Aim of the exercise: Without skipping anything, write out each record below exactly.

--------------------

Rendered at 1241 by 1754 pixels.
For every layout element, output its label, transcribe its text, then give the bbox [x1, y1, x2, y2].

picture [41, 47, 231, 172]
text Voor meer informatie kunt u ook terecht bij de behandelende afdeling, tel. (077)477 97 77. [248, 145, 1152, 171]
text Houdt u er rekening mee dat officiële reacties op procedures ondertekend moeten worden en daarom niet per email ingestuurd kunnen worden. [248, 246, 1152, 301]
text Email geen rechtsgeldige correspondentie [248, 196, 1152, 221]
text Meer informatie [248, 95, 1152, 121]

--------------------

Reply:
Rendered at 1241 by 1754 pixels.
For every layout element, output its label, transcribe its text, then give the bbox [x1, y1, x2, y2].

picture [41, 47, 231, 172]
text Voor meer informatie kunt u ook terecht bij de behandelende afdeling, tel. (077)477 97 77. [248, 145, 1152, 171]
text Houdt u er rekening mee dat officiële reacties op procedures ondertekend moeten worden en daarom niet per email ingestuurd kunnen worden. [248, 246, 1152, 301]
text Email geen rechtsgeldige correspondentie [248, 196, 1152, 221]
text Meer informatie [248, 95, 1152, 121]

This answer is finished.